Table 2 Patient lineages across time and percentages of total lineages in Ontario made up by the lineage found in the patient
Fig. 1
figure 1

Maximum-likelihood phylogenetic tree showing SARS-CoV-2 reference sequence (MN908947.3), an Alpha lineage (B.1.1.7), a Delta lineage (B.1.617.2) and two Omicron lineages (B.1.1.529 and XBB.1.5), as well as the most prevalent lineages in Ontario at the times the patient was sampled (B.1.1.7, AY.74, BA.2, and BA.2.12.1). Bootstrap values are shown at the nodes

The next sample in the series (sample 9) was initially not assigned a lineage; however, breseq analysis revealed an infection that was a mix of B.1.1.176 and BA.1 at proportions of approximately 50% each. Mutations that were present in samples 1–8 but lost in sample 9 are shown in Table 3, while mutations that were first present in sample 9 are shown in Table 4. There were four nonsynonymous mutations present in 100% of reads in samples 1–9: C→T in the intergenic region before ORF1ab (a mutation characteristic of neither lineage), a 6 bp deletion in ORF1ab (characteristic of both B.1.1.176 and BA.1), P4715L in ORF1ab (characteristic of both B.1.1.176 and BA.1), and D614G in S (characteristic of only B.1.1.176). There were 13 nonsynonymous mutations present in samples 1–8 that were present in less than 40% of reads in sample 9 (referred to as lost mutations) and 43 nonsynonymous mutations that were present in greater than 40% of reads in sample 9 after not being present in the first 8 samples (referred to as gained mutations). These are shown in Tables 1 and 2 respectively. Of note for the gained mutations is the mutation S371F in S, which is not characteristic of either B.1.1.176 or BA.1, however the mutation S371L is characteristic of BA.1. There were also 11 nonsynonymous mutations that were not present in sample 1, appeared in some of samples 2–8, and were not present in sample 9, or were present in the intermediate samples, lost, and then reappeared in sample 9. These are shown in Table 5 and are referred to as fleeting mutations.

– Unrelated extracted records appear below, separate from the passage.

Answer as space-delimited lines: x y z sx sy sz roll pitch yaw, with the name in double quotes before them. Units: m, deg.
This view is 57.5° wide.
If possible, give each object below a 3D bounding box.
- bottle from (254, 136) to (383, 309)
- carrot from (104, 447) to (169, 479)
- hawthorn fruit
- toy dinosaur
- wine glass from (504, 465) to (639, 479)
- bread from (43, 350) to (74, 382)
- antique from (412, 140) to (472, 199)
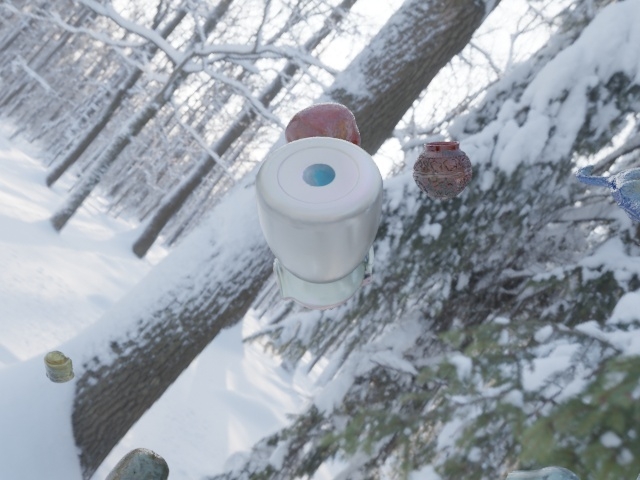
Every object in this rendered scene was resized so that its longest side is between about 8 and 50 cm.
"bottle" 0.000 0.000 0.744 0.148 0.147 0.236 33 -32 25
"carrot" -0.230 0.346 0.510 0.070 0.342 0.070 13 -41 11
"hawthorn fruit" 0.005 -0.159 0.922 0.128 0.128 0.128 36 -8 6
"toy dinosaur" 0.448 -0.062 0.886 0.188 0.247 0.075 -1 -56 44
"wine glass" 0.320 0.318 0.716 0.079 0.079 0.195 39 -35 -16
"bread" -0.453 0.221 1.009 0.049 0.033 0.088 23 -39 -6
"antique" 0.206 -0.117 0.990 0.104 0.104 0.104 36 -8 6
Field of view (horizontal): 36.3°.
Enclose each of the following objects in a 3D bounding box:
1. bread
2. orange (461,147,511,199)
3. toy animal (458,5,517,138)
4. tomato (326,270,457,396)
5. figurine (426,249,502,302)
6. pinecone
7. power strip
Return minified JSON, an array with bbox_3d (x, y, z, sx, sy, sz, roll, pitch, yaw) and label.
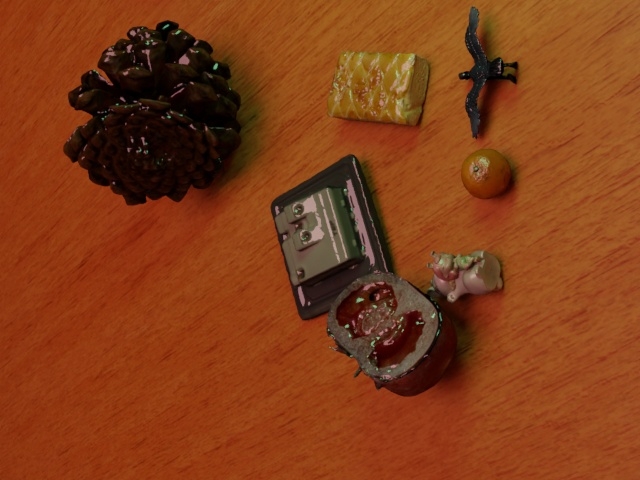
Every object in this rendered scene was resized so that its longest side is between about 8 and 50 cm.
[{"bbox_3d":[0.103,-0.275,1.759,0.188,0.068,0.125,13,95,43],"label":"bread"},{"bbox_3d":[0.268,-0.108,1.582,0.084,0.084,0.083,-5,83,43],"label":"orange"},{"bbox_3d":[0.269,-0.277,1.606,0.108,0.062,0.220,5,96,43],"label":"toy animal"},{"bbox_3d":[0.135,0.167,1.630,0.181,0.155,0.214,-46,47,5],"label":"tomato"},{"bbox_3d":[0.220,0.049,1.612,0.146,0.081,0.098,-7,118,44],"label":"figurine"},{"bbox_3d":[-0.338,-0.285,2.009,0.384,0.384,0.384,-5,83,43],"label":"pinecone"},{"bbox_3d":[0.000,-0.001,1.818,0.251,0.092,0.257,-26,73,36],"label":"power strip"}]
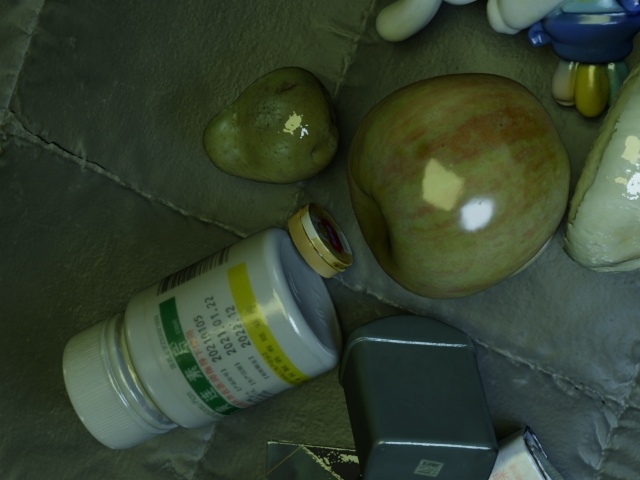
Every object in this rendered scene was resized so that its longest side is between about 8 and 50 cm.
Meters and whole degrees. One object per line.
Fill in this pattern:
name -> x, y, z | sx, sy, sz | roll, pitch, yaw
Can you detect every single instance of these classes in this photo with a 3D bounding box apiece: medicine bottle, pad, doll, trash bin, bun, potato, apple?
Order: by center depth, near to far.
apple -> 0.159, -0.068, 1.205 | 0.234, 0.257, 0.257 | -26, 82, -15
bun -> 0.388, -0.084, 1.210 | 0.146, 0.287, 0.287 | 22, 95, 17
doll -> 0.285, -0.348, 1.290 | 0.365, 0.376, 0.187 | 32, 53, 4
trash bin -> 0.120, 0.199, 1.311 | 0.176, 0.236, 0.101 | 6, 125, -12
medicine bottle -> -0.160, 0.141, 1.402 | 0.339, 0.208, 0.208 | -26, 83, 14
potato -> -0.068, -0.147, 1.412 | 0.194, 0.157, 0.157 | -16, 85, 17
pad -> -0.004, 0.408, 1.462 | 0.163, 0.004, 0.243 | 2, 90, 16

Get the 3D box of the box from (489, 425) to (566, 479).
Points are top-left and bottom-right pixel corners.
box -> 0.166, 0.408, 1.357 | 0.369, 0.112, 0.190 | -32, 83, 13

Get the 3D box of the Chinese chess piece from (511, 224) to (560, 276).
Chinese chess piece -> 0.195, -0.065, 1.363 | 0.250, 0.097, 0.251 | 0, 89, 15

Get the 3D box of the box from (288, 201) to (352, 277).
box -> 0.000, 0.000, 1.413 | 0.037, 0.105, 0.105 | -34, 81, 19

Table 3 Mutations lost in sample 9
Table 4 Mutations gained in sample 9
Table 5 Fleeting mutations

While sample 9 appeared to be a mixed infection of B.1.1.176 and BA.1, samples 10 and 11 were both assigned the lineage of BA.2.9, with 50 of 56 nonsynonymous mutations characteristic of BA.2.9. The mutations not characteristic of BA.2.9 (Table 6) were A5620S in ORF1ab, a 3 bp change to CTC in ORF6, C→T in the intergenic region between ORF7a and ORF8, A→T in the intergenic region between ORF8 and N, a 3 bp change to AAC in N, and a 26 bp deletion in the intergenic region after ORF10. Yet, samples 9 and 10 were missing 5 characteristic mutations of BA.2.9: L24S in S, D61L in ORF6, S84L in ORF8, and R203K and G204R in N.

Table 6 Mutations found in samples 10 and 11 that are not characteristic of BA.2.9

There were four mutations present in all 11 samples that were identified in 100% of reads: P4715L in ORF1ab and D614G in S (both of which are found in all three of B.1.1.176, BA.1, and BA.2.9), C→T in the intergenic region before ORF1a, and a 3 bp change to AAC in N. The latter two mutations are not characteristic of any of B.1.1.176, BA.1, or BA.2.9.

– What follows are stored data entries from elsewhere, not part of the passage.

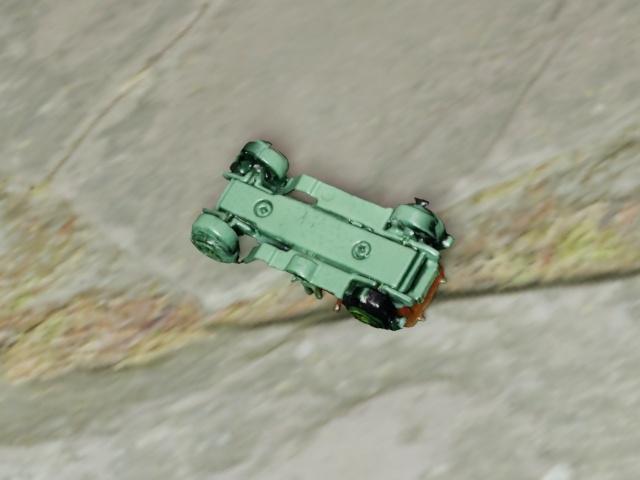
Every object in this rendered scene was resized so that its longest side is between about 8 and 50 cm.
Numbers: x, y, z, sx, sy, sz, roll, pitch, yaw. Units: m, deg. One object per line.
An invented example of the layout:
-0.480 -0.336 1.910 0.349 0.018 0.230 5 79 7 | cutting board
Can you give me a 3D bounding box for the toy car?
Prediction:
0.000 0.000 1.108 0.143 0.054 0.073 21 71 24 | toy car
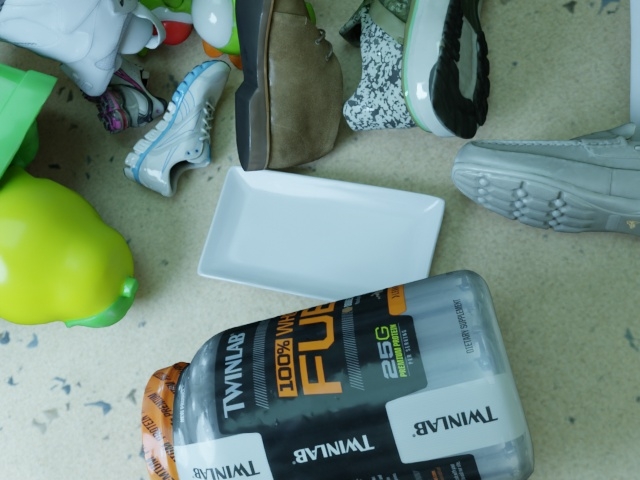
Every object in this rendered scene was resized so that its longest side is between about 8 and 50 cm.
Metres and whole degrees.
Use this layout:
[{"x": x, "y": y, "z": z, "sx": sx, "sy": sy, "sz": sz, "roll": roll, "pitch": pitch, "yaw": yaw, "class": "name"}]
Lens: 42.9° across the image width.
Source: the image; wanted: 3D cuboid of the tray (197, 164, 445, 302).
[{"x": 0.000, "y": 0.000, "z": 0.944, "sx": 0.270, "sy": 0.030, "sz": 0.145, "roll": 10, "pitch": 73, "yaw": 18, "class": "tray"}]

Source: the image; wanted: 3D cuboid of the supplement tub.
[{"x": 0.017, "y": 0.163, "z": 0.783, "sx": 0.338, "sy": 0.207, "sz": 0.207, "roll": -15, "pitch": 67, "yaw": 8, "class": "supplement tub"}]

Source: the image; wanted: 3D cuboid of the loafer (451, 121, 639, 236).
[{"x": 0.301, "y": -0.068, "z": 0.853, "sx": 0.319, "sy": 0.112, "sz": 0.111, "roll": 11, "pitch": 68, "yaw": 10, "class": "loafer"}]

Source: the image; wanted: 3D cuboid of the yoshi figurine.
[{"x": -0.168, "y": -0.357, "z": 1.035, "sx": 0.362, "sy": 0.203, "sz": 0.203, "roll": 19, "pitch": 70, "yaw": 17, "class": "yoshi figurine"}]

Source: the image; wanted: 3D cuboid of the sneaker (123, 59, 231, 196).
[{"x": -0.159, "y": -0.136, "z": 1.022, "sx": 0.083, "sy": 0.071, "sz": 0.190, "roll": 34, "pitch": 90, "yaw": 17, "class": "sneaker"}]

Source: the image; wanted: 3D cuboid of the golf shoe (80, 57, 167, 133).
[{"x": -0.274, "y": -0.212, "z": 1.084, "sx": 0.086, "sy": 0.067, "sz": 0.186, "roll": -21, "pitch": 57, "yaw": -28, "class": "golf shoe"}]

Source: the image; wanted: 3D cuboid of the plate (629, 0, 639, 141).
[{"x": 0.455, "y": -0.223, "z": 0.811, "sx": 0.277, "sy": 0.045, "sz": 0.278, "roll": -3, "pitch": 109, "yaw": 14, "class": "plate"}]

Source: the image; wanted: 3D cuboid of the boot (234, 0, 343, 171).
[{"x": -0.035, "y": -0.231, "z": 0.929, "sx": 0.115, "sy": 0.305, "sz": 0.112, "roll": -4, "pitch": 25, "yaw": -15, "class": "boot"}]

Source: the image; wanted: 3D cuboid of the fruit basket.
[{"x": -0.397, "y": -0.018, "z": 0.974, "sx": 0.392, "sy": 0.283, "sz": 0.392, "roll": 0, "pitch": 90, "yaw": -24, "class": "fruit basket"}]

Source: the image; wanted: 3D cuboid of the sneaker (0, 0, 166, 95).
[{"x": -0.361, "y": -0.263, "z": 0.977, "sx": 0.366, "sy": 0.210, "sz": 0.137, "roll": -8, "pitch": 57, "yaw": 35, "class": "sneaker"}]

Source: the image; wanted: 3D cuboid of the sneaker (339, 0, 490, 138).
[{"x": 0.098, "y": -0.302, "z": 0.980, "sx": 0.182, "sy": 0.158, "sz": 0.410, "roll": -7, "pitch": 63, "yaw": 31, "class": "sneaker"}]

Several previous studies have identified cancer, and specifically hematologic cancers, as a comorbidity that worsens the health outcomes of those infected with respiratory infections such as COVID-19 [24,25,26]. One case report by Yonal-Hindilerden et al. reported on a patient with Hodgkin’s lymphoma who additionally contracted COVID-19. This patient experienced severe respiratory disease, eventually succumbing to COVID-19 10 days after hospital admission [27]. A second study reported on a patient with Hodgkin’s lymphoma showed reinfection with COVID-19 34 days after clearance of their initial infection [28]. However, neither of these two studies performed whole genome sequencing to assess any lineage changes in the viral infection present in the patients.

One 2021 study found that 0.47% of COVID-19 patients were incidences of reinfection [29]. Of these patients that were reinfected, the majority (67%) were reinfected with a different genomic variant than their original infection [29], as was seen in the present case. The likelihood that the three observed lineages represent within-host evolution is extremely low as B.1.1.176 and BA.1 are evolutionary very distant, with BA.1 and BA.2.9 also being genetically distinct. Another study reported on a chronic SARS-CoV-2 infection lasting over 400 days, with a SARS-CoV-2 mutation rate approximately two-fold higher than the global SARS-CoV-2 evolutionary rate [30]. This study also reported the presence over time of three genetically distinct genotypes within the patient, representing three different viral populations originating from different physical locations within the patient that continually migrated into the nasopharynx [30]. This is contrasted with the present study, where mixed infection only appears in sample 9, where the lineages B.1.1.176 and BA.1 appeared to both be present in the nasopharynx. By the next sample in the series, the lineage BA.2.9 appeared to make up 100% of the viral particles sequenced from the nasopharynx.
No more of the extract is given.